Paul Clift (born 21 March 1978) is an Australian composer and sound artist. His works comprise mostly instrumental music, often with electronics, video or other multimedia elements.

== Biography ==
Born in Melbourne, Australia, Paul Clift began his musical education with studies of piano. After graduating with a degree in music composition and linguistics from Monash University, he moved to Paris for further study of composition. In 2006, he earned a master's degree from King's College London. The following year, he returned to Paris where he undertook the IRCAM Cursus de composition et d'informatique musicale. In 2009, he moved to New York for doctoral studies at Columbia University. His doctoral thesis deals with musical temporality and its relationship with memory and perception. While working on his doctorate, he undertook residencies at the Paul Sacher Foundation (Basel), to research alternative temporal/spatial notation systems and novel forms of musical tablature, and at IRCAM, where he collaborated with René Caussé on the development of "Acoustic Aggregate Synthesis", a "real-time performance tool which fuses synthetic and acoustic sound sources to yield a semi-acoustic re-synthesis of a pre-defined acoustic model." His subsequent publications in the latter field have been widely cited in research on hybrid musical instruments.

Among the composition professors which Paul Clift acknowledges as significant influences on his creative outlook are Franck Bedrossian, Fred Lerdahl, Tristan Murail, Fabien Lévy, Philippe Leroux and George Benjamin.

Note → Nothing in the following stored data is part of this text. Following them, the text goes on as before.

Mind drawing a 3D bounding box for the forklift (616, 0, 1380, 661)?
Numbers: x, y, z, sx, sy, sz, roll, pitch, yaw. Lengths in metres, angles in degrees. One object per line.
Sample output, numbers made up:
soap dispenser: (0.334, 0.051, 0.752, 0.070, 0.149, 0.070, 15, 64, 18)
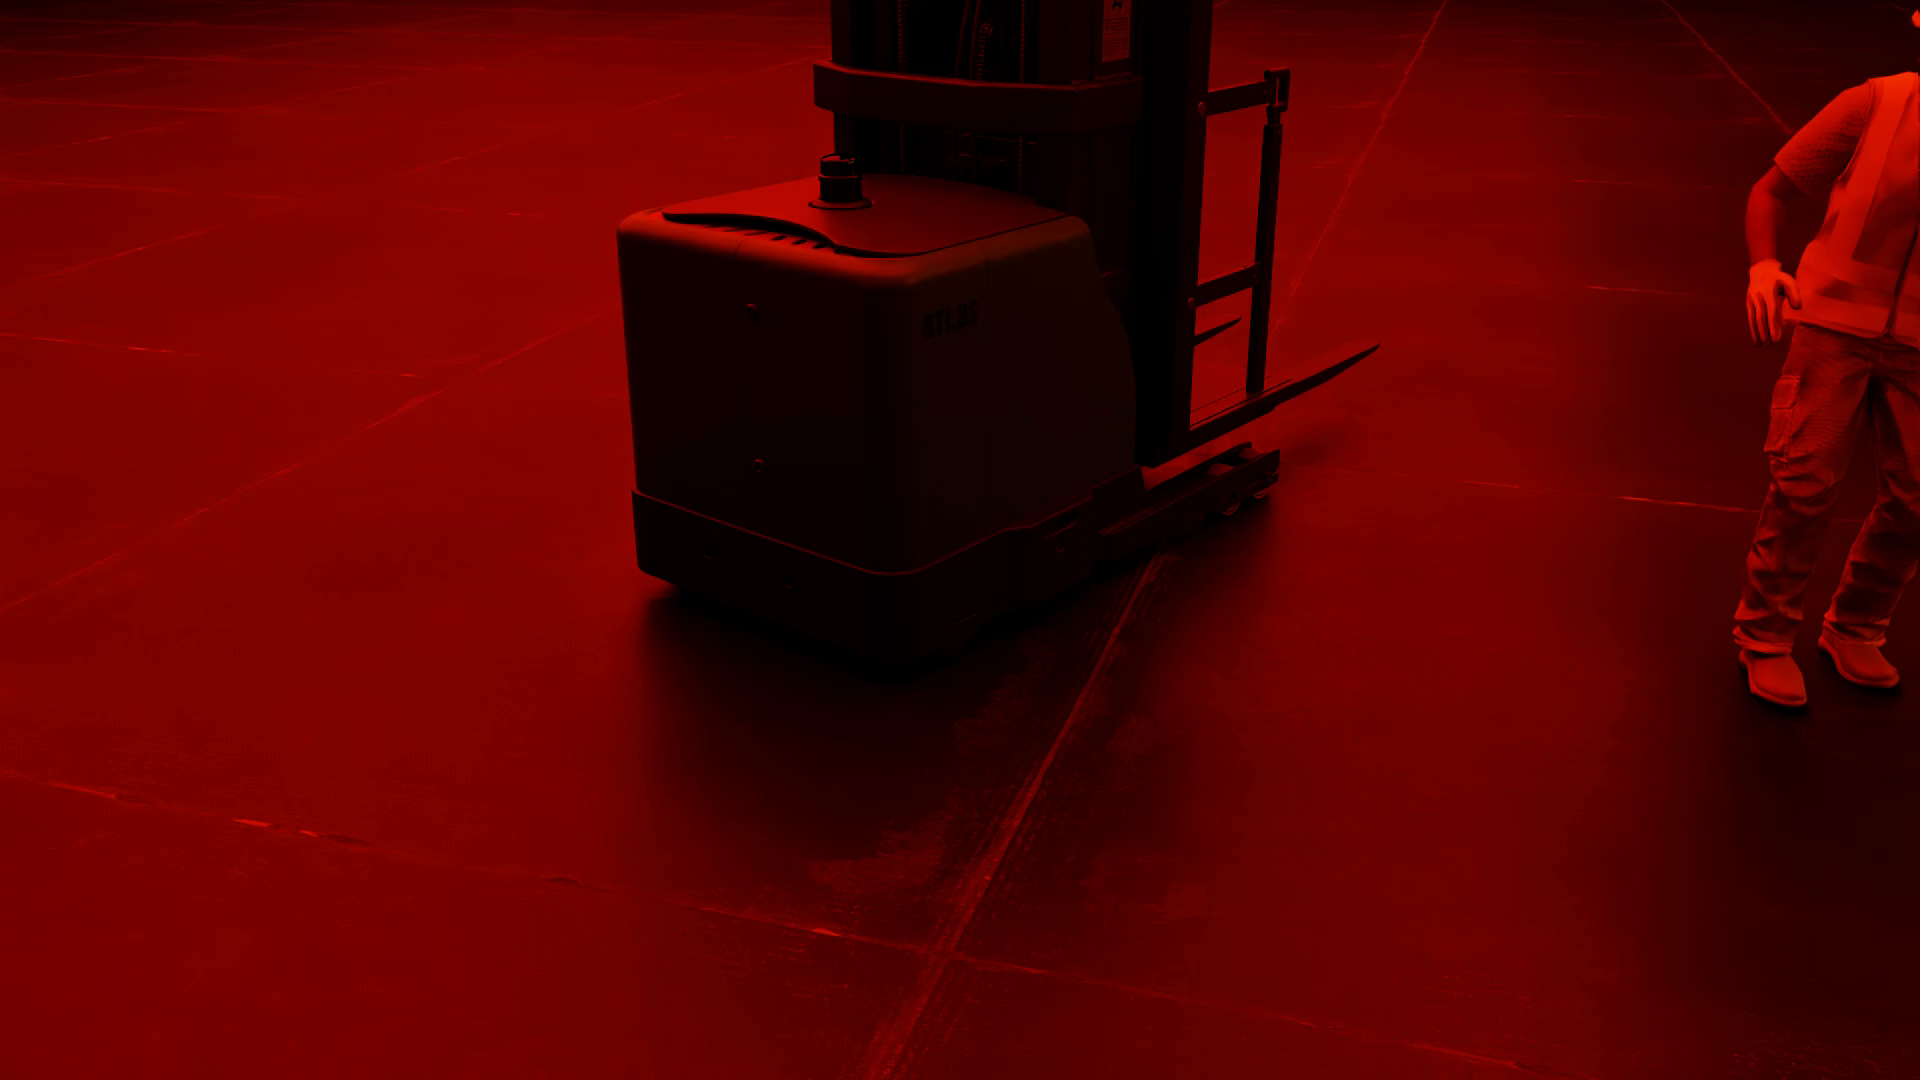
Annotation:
forklift: (0.395, -1.539, 5.008, 1.130, 2.935, 3.031, 17, 28, 36)

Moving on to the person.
person: (2.241, -0.445, 3.936, 0.768, 1.737, 0.521, 7, 24, 17)
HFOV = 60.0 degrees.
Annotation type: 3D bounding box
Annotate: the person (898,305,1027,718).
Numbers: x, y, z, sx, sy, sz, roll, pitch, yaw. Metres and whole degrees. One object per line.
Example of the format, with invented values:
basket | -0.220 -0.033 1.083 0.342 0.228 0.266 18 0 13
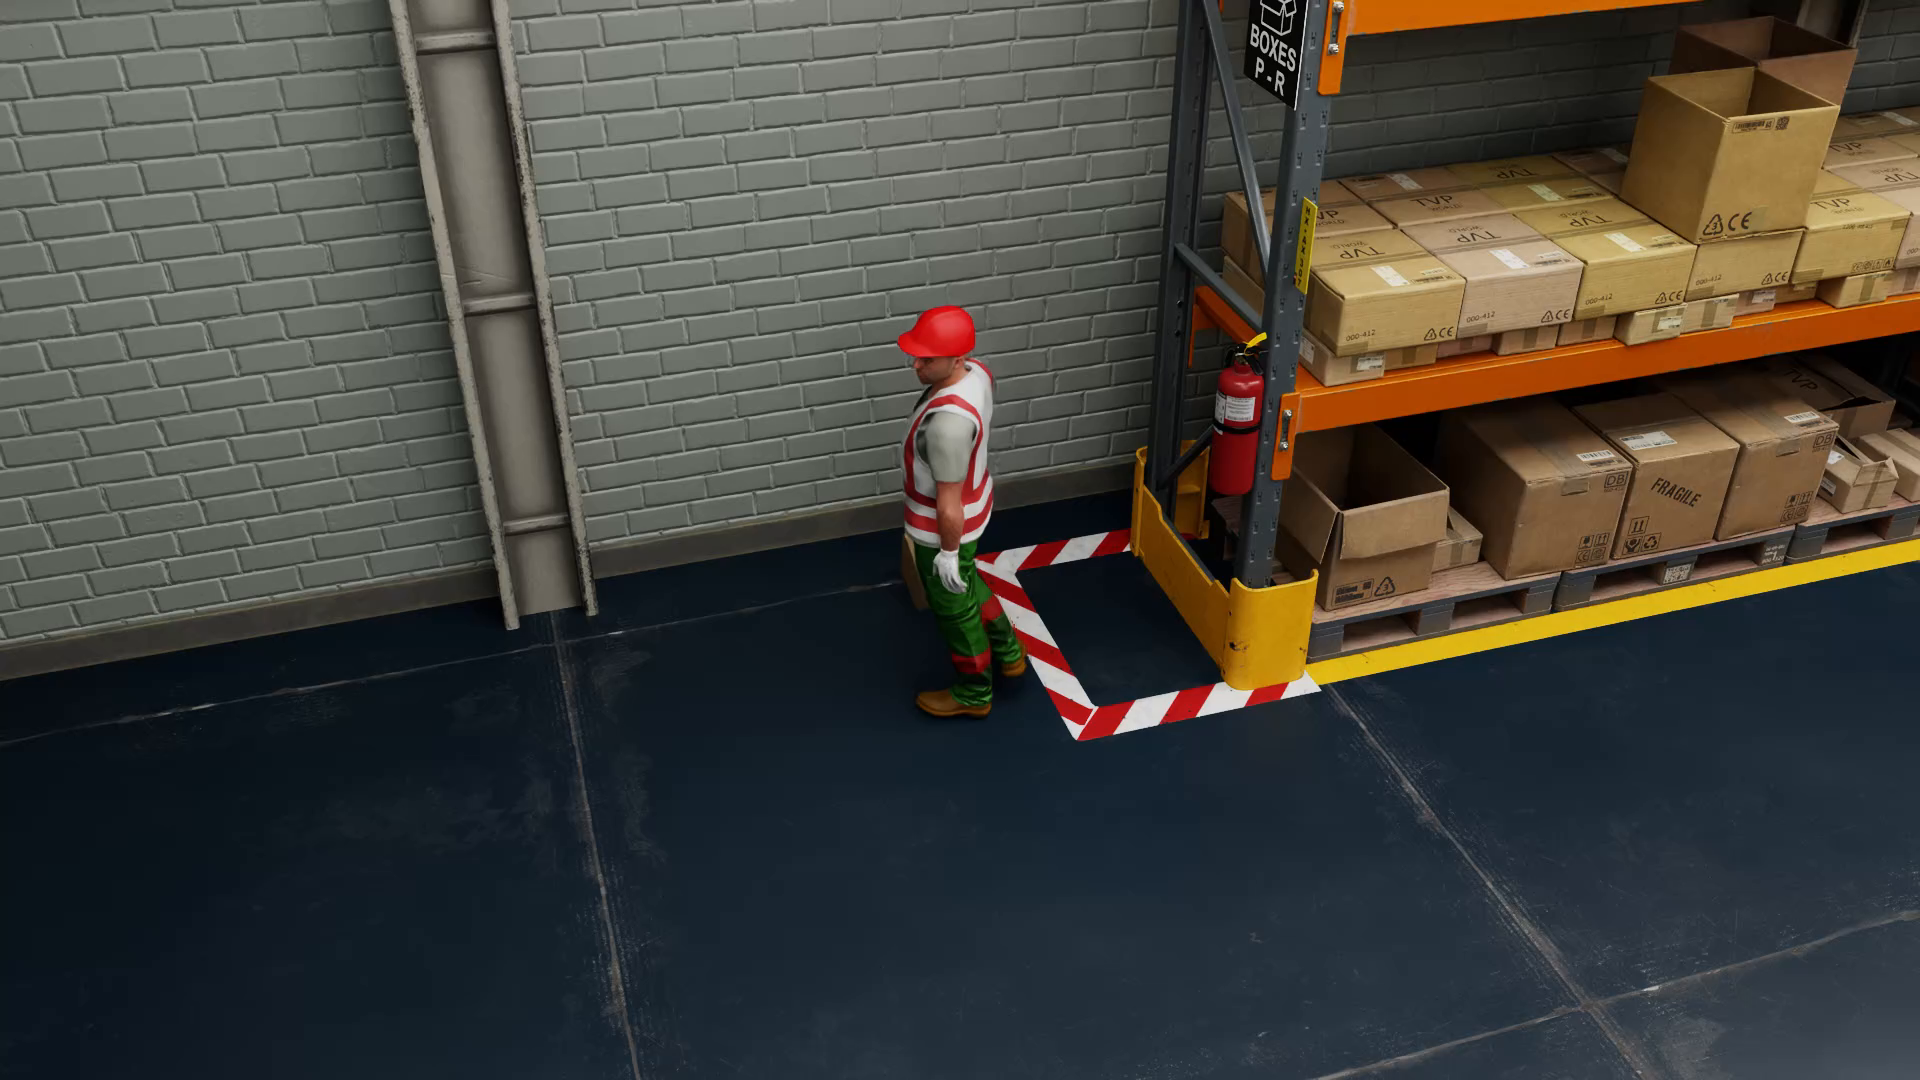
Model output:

In 2016, he moved to Basel, Switzerland, where he currently resides. From 2016 to 2022, he served as artistic director of neuverBand, a chamber ensemble dedicated to contemporary music. In 2019, his large-scale scenic work "Portal Fantasies" was premiered at the Zeiträume Biennale für neue Musik und Architektur in Basel. From January 2023 until August 2024, he was the artistic director of Freiburg-based Ensemble Recherche. Also in 2023, he became president of the Basel chapter of the International Society for Contemporary Music (Internationale Gesellschaft für Neue Musik, IGNM).

His works have been performed at contemporary music festivals including World Music Days, Agora, Festival Ensemble(s), Weimarer Frühjahrstage für zeitgenössische Musik, Darmstädter Ferienkurse, ReMusik, MATA, Rainy Days Luxembourg, Musikfestival Bern, Sonic Matter Zurich, SMC Lausanne, and Ultima Oslo.

His scores are published by BabelScores, Schweizer Musikedition, and the Australian Music Centre.

== Selected works ==

=== Orchestral and Large Ensemble Works ===

- landscape (overexposed) for orchestra (2025)
- La Géométrie d'après Descartes for orchestra (2020)
- Objets à réaction poétique for 19 instruments (2015)
- qui, dove mezzo son... for flute solo and 8 instruments (2014)
- Infinite Regress for 10 instruments (2011)

=== Chamber Music ===

- state of matter for saxophone, percussion, accordion, piano, cello & electronics (2024)
- colours are like memories of other colours II for saxophone, accordion, percussion, violin & electronics (2024)
- automation of the personalization process for two oboes, electronics and video (2023)
- collective imaginary for chamber ensemble, electronics and video (2022)
- the grammar of shadows for chamber ensemble (2021)
- Tombeau de Clément Ader for chamber ensemble and electronics (2020)
- the great silence for chamber ensemble (2019)
- RGBA for saxophone quartet (2019)
- the past is a foreign country, they do things differently there for flute, saxophone and piano (2019)
- Astatine for saxophone, accordion, cello and electronics (2019)
- V Prostranem Morju Sanj for flute, violin, piano and a fourth performer (2018)
- Shadow Art II for flute, voice and electronics (2018)
- élan vital for flute, clarinet, saxophone and piano (2018)
- The sea isn't rising, the ground is sinking for soprano, saxophone, piano, percussion and electronics (2017)
- the more perfect is the more immaterial for chamber ensemble (2016)
- duet/anagram for two saxophones and electronics (2015)
- Colours are like memories of other colours for string octet and electronics (2014)
- On the celestial hierarchy for chamber ensemble (2014)
- Le détour permet le retour for string quartet, electronics and video (2013)

=== Solo Works ===
- free will generator for solo cello (2024)
- turn me on, dead man for soprano, electronics and video (2020)
- Radotements avec citation for solo trombone (2016)
- presence, absence, degree for accordion and electronics (2015)
- Feuille Volante for solo alto flute (2012)
- 1950-C for solo guitar (2010)

=== Staged Works ===
- Portal Fantasies, a musical, architectural and literary promenade for two actors & five musicians (2019)
- With my limbs in the dark for chamber ensemble, dancer and electronics (2009)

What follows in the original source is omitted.